■ Provided data:
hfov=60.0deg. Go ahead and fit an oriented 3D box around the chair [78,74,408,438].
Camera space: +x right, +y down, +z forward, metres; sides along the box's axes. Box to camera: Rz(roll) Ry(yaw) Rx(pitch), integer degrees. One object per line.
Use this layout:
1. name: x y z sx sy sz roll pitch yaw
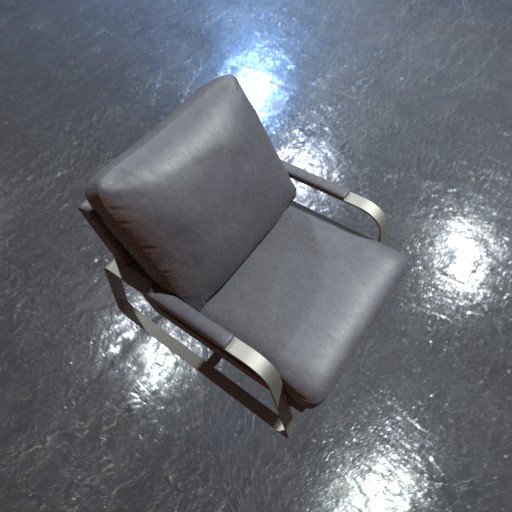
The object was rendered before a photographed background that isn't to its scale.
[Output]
1. chair: 0.000 0.000 1.494 0.878 0.839 0.692 32 64 18
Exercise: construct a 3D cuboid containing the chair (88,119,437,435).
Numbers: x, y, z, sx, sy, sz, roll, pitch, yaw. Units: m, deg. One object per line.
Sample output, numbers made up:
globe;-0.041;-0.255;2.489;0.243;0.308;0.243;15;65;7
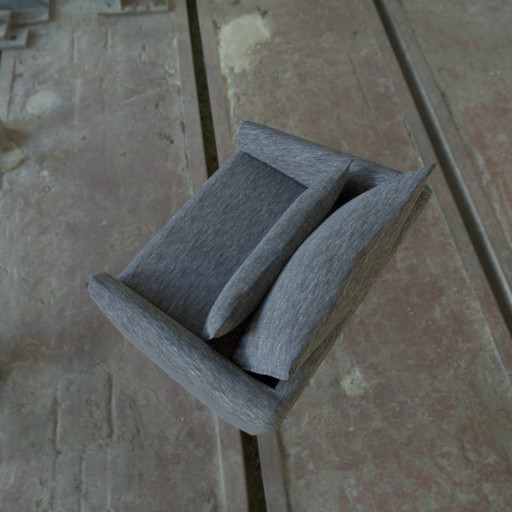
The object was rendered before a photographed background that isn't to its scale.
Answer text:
chair;0.000;0.000;1.609;0.805;0.842;1.004;33;68;15
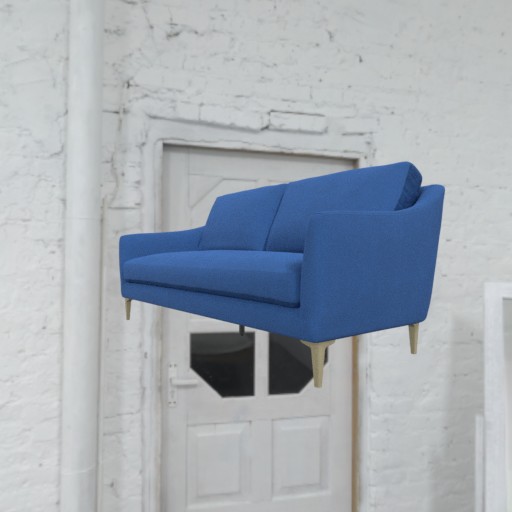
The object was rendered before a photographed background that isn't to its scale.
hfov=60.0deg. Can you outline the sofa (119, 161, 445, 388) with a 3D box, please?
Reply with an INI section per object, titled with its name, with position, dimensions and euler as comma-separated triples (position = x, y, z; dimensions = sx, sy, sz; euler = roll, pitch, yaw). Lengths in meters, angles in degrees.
[sofa]
position = 0.000, 0.000, 2.569
dimensions = 0.960, 0.903, 2.036
euler = 0, 0, -36
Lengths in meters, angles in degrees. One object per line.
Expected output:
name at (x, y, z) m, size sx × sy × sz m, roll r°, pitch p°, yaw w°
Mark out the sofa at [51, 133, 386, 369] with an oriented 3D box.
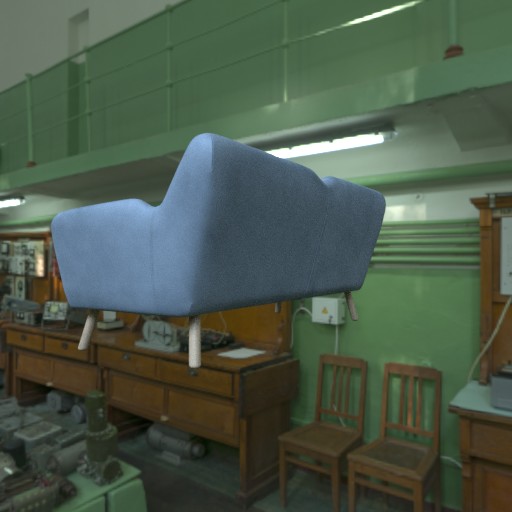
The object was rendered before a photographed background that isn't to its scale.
sofa at (0.000, 0.000, 2.337) m, size 0.850 × 0.810 × 1.870 m, roll 0°, pitch 0°, yaw 35°
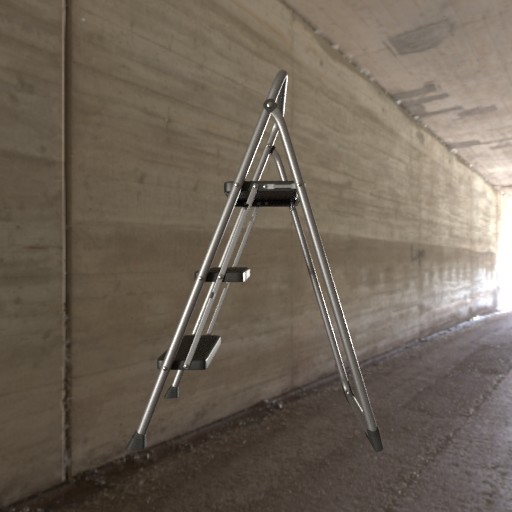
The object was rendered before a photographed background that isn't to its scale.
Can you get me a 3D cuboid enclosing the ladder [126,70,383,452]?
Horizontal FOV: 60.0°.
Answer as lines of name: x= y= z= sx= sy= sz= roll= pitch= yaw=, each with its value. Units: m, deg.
ladder: x=0.000 y=0.000 z=1.282 sx=0.629 sy=0.945 sz=0.430 roll=0 pitch=0 yaw=2
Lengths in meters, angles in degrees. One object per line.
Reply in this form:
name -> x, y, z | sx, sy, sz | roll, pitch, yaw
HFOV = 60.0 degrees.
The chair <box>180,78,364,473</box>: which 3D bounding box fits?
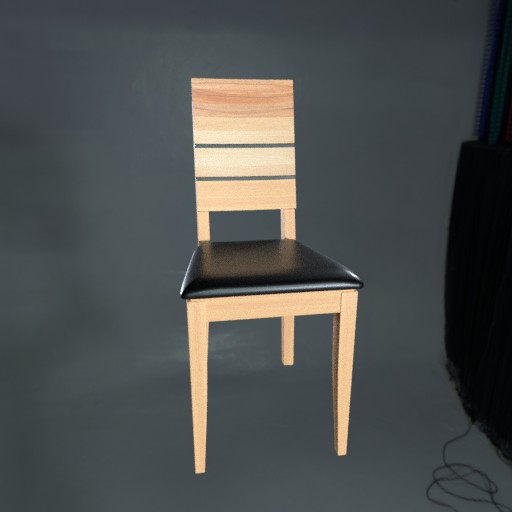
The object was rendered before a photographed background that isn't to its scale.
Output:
chair -> 0.000, 0.000, 1.203 | 0.410, 0.940, 0.520 | -3, 16, -9
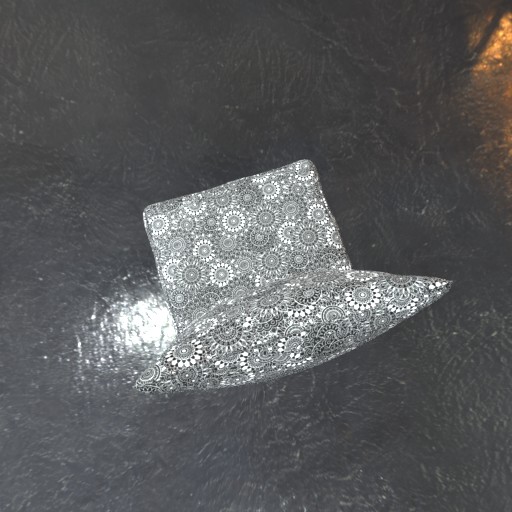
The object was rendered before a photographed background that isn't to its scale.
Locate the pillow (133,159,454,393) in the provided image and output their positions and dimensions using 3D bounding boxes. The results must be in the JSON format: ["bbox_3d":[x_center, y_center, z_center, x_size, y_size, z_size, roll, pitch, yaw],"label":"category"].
[{"bbox_3d":[0.000,0.000,1.395,0.798,0.722,0.740,-17,76,-4],"label":"pillow"}]
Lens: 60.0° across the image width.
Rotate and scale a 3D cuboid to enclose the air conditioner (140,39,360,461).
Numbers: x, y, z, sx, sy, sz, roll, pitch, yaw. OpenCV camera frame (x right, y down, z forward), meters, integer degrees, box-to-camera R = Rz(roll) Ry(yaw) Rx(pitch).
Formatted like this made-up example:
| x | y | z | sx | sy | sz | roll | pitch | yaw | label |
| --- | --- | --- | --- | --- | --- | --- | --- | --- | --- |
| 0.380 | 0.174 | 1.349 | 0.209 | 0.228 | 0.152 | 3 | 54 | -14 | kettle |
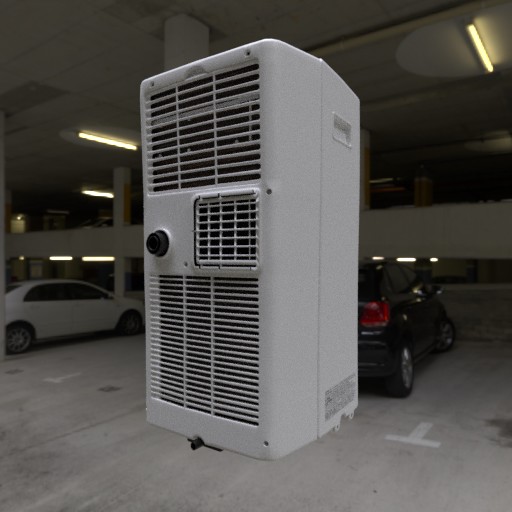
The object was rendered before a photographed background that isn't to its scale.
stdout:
| x | y | z | sx | sy | sz | roll | pitch | yaw | label |
| --- | --- | --- | --- | --- | --- | --- | --- | --- | --- |
| 0.000 | 0.000 | 0.796 | 0.304 | 0.606 | 0.349 | 0 | 0 | 35 | air conditioner |
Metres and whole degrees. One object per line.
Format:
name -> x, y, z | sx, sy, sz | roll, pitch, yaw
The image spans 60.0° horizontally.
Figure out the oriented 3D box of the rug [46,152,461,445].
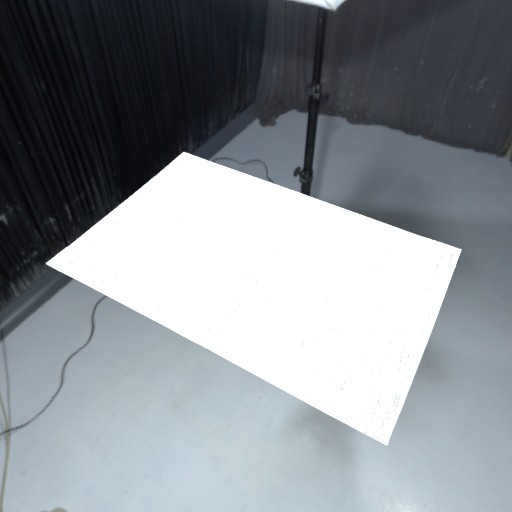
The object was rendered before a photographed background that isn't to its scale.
rug -> 0.000, 0.000, 2.237 | 1.773, 0.021, 1.149 | 23, 50, 21

■ Assignment: From the listing above, repeat exactly the lines starting at the line that includes "name at (x, y, z)" and ending at the line that includes "Mark out the", with nothing outside that span.

■ Answer area:
name at (x, y, z) m, size sx × sy × sz m, roll r°, pitch p°, yaw w°
Mark out the sofa at [51, 133, 386, 369] with an oriented 3D box.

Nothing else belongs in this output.